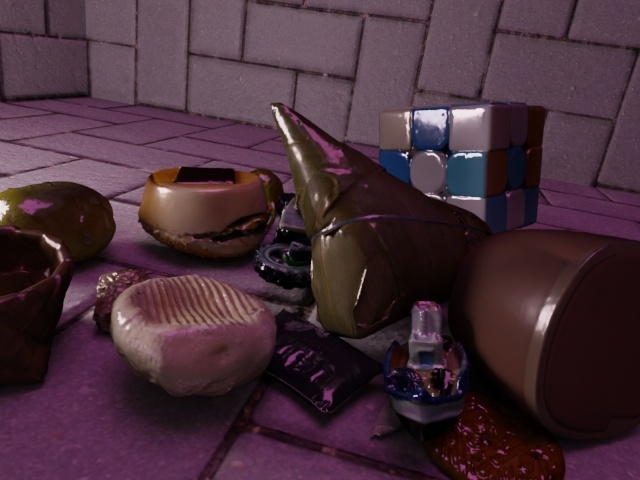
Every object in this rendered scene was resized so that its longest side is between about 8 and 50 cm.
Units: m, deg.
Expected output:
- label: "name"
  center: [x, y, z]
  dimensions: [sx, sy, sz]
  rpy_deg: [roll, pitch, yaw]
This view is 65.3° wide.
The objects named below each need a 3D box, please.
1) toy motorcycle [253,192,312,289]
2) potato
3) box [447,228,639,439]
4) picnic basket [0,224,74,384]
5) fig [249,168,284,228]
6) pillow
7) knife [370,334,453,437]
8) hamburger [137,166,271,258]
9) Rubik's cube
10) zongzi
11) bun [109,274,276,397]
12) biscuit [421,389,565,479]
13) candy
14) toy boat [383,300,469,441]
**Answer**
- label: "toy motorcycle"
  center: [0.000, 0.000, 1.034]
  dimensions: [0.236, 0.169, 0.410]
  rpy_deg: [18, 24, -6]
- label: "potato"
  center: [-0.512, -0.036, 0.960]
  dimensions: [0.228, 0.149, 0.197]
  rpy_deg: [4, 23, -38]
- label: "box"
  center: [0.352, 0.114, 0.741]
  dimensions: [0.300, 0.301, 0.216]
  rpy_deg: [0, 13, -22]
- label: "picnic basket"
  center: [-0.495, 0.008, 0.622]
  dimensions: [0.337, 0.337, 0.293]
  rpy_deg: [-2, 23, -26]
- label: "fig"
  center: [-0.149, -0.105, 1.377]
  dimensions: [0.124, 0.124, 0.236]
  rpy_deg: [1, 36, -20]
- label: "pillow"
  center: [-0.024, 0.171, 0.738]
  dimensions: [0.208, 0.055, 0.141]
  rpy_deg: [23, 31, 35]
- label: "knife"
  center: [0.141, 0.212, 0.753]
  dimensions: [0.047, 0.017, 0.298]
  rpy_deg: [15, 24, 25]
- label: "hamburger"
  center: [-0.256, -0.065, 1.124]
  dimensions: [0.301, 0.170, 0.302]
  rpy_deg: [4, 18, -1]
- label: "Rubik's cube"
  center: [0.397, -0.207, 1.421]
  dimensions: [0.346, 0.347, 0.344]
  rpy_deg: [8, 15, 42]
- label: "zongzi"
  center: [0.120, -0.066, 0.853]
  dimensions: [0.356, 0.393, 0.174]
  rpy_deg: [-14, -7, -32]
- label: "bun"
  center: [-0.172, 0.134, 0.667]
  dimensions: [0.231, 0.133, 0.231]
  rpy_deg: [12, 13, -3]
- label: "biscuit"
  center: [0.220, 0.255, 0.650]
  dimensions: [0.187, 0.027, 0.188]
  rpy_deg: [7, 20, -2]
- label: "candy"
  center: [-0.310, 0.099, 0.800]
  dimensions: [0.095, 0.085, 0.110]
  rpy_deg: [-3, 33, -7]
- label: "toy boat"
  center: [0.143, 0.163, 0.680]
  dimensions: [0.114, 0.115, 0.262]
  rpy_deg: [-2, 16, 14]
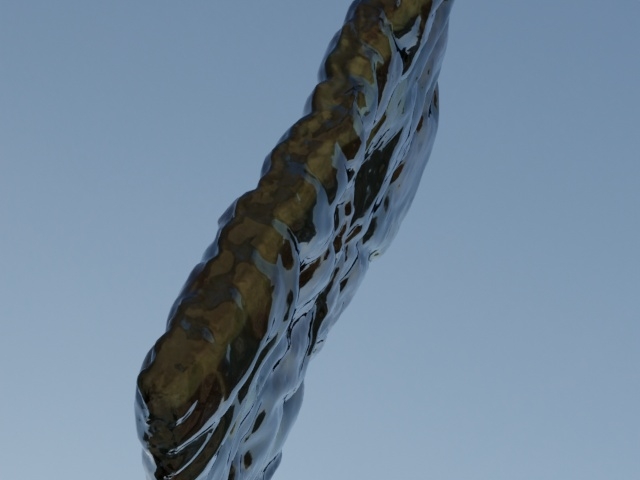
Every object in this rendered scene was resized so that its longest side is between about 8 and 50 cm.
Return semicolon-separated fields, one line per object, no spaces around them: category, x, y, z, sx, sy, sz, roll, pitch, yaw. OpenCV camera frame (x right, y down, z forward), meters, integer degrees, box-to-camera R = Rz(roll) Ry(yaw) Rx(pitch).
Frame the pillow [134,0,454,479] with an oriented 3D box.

==

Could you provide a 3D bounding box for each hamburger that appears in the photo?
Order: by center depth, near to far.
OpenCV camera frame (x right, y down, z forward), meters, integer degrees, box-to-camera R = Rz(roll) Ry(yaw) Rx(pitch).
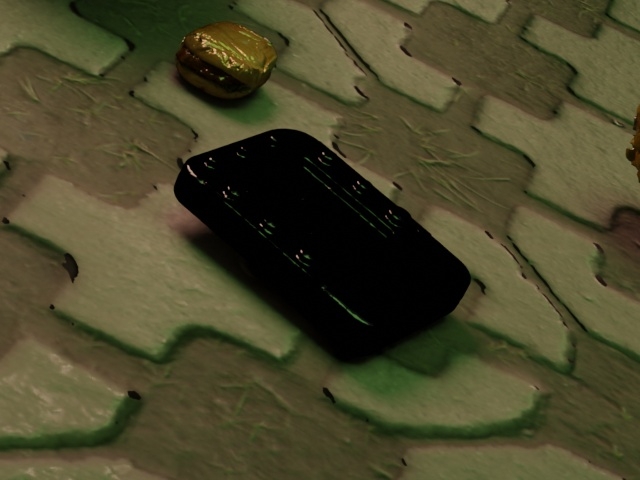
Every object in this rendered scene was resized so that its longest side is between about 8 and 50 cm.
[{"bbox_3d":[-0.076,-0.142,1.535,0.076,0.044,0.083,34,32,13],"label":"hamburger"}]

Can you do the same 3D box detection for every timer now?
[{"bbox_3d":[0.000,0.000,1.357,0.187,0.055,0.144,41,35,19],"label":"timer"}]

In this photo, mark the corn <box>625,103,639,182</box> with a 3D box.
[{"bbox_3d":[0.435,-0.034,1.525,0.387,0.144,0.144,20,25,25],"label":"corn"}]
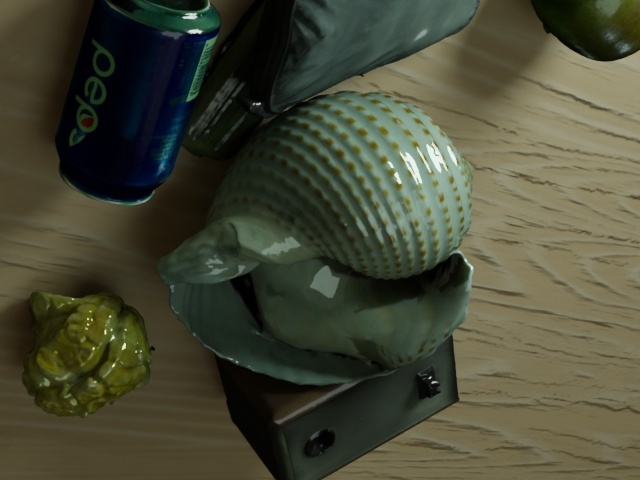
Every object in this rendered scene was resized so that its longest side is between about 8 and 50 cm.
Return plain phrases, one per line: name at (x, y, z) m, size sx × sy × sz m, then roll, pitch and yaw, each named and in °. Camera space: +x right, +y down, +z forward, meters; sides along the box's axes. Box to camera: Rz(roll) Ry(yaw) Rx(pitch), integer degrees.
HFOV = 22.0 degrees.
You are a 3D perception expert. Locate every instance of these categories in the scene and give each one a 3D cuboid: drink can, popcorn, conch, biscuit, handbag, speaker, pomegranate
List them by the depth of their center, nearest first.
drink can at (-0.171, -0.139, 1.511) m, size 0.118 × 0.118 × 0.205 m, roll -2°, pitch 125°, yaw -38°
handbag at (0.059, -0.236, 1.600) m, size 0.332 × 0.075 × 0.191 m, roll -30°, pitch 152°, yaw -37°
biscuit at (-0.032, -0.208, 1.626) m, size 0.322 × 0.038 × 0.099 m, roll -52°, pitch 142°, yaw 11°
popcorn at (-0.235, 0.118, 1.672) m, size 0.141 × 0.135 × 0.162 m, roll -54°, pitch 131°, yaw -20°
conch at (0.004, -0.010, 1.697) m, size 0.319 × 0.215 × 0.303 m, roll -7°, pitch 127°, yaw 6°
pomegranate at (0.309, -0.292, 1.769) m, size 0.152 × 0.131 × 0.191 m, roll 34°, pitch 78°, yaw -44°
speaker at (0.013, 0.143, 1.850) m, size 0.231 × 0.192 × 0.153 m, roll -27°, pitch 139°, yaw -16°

» Required action: In the records above, copy exactly everything from the line that has "12) biscuit [421,389,565,479]" down to the line that has "Return semicolon-separated fields, one", both ends included, and leave out the pictures.

» Task output:
12) biscuit [421,389,565,479]
13) candy
14) toy boat [383,300,469,441]
**Answer**
- label: "toy motorcycle"
  center: [0.000, 0.000, 1.034]
  dimensions: [0.236, 0.169, 0.410]
  rpy_deg: [18, 24, -6]
- label: "potato"
  center: [-0.512, -0.036, 0.960]
  dimensions: [0.228, 0.149, 0.197]
  rpy_deg: [4, 23, -38]
- label: "box"
  center: [0.352, 0.114, 0.741]
  dimensions: [0.300, 0.301, 0.216]
  rpy_deg: [0, 13, -22]
- label: "picnic basket"
  center: [-0.495, 0.008, 0.622]
  dimensions: [0.337, 0.337, 0.293]
  rpy_deg: [-2, 23, -26]
- label: "fig"
  center: [-0.149, -0.105, 1.377]
  dimensions: [0.124, 0.124, 0.236]
  rpy_deg: [1, 36, -20]
- label: "pillow"
  center: [-0.024, 0.171, 0.738]
  dimensions: [0.208, 0.055, 0.141]
  rpy_deg: [23, 31, 35]
- label: "knife"
  center: [0.141, 0.212, 0.753]
  dimensions: [0.047, 0.017, 0.298]
  rpy_deg: [15, 24, 25]
- label: "hamburger"
  center: [-0.256, -0.065, 1.124]
  dimensions: [0.301, 0.170, 0.302]
  rpy_deg: [4, 18, -1]
- label: "Rubik's cube"
  center: [0.397, -0.207, 1.421]
  dimensions: [0.346, 0.347, 0.344]
  rpy_deg: [8, 15, 42]
- label: "zongzi"
  center: [0.120, -0.066, 0.853]
  dimensions: [0.356, 0.393, 0.174]
  rpy_deg: [-14, -7, -32]
- label: "bun"
  center: [-0.172, 0.134, 0.667]
  dimensions: [0.231, 0.133, 0.231]
  rpy_deg: [12, 13, -3]
- label: "biscuit"
  center: [0.220, 0.255, 0.650]
  dimensions: [0.187, 0.027, 0.188]
  rpy_deg: [7, 20, -2]
- label: "candy"
  center: [-0.310, 0.099, 0.800]
  dimensions: [0.095, 0.085, 0.110]
  rpy_deg: [-3, 33, -7]
- label: "toy boat"
  center: [0.143, 0.163, 0.680]
  dimensions: [0.114, 0.115, 0.262]
  rpy_deg: [-2, 16, 14]
Every object in this rendered scene was resized so that its longest side is between about 8 and 50 cm.
Return semicolon-separated fields, one line per object, no spaces around them: category, x, y, z, sx, sy, sz, roll, pitch, yaw. OpenCV camera frame (x right, y down, z forward), meters, integer degrees, box-to-camera R = Rz(roll) Ry(yaw) Rx(pitch).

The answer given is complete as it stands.